--- Listed records ---
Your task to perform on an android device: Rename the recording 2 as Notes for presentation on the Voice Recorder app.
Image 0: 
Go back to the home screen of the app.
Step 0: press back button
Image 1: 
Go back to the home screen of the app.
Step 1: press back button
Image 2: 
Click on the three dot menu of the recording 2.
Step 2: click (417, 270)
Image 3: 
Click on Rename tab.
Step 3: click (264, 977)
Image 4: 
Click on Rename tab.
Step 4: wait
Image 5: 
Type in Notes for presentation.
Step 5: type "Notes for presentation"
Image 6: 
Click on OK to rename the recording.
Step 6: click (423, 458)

--- Task brief ---
All lines from the beginning of the listing through the one with "Click on the" are to be restated word for word, and only those.

--- Final answer ---
Your task to perform on an android device: Rename the recording 2 as Notes for presentation on the Voice Recorder app.
Image 0: 
Go back to the home screen of the app.
Step 0: press back button
Image 1: 
Go back to the home screen of the app.
Step 1: press back button
Image 2: 
Click on the three dot menu of the recording 2.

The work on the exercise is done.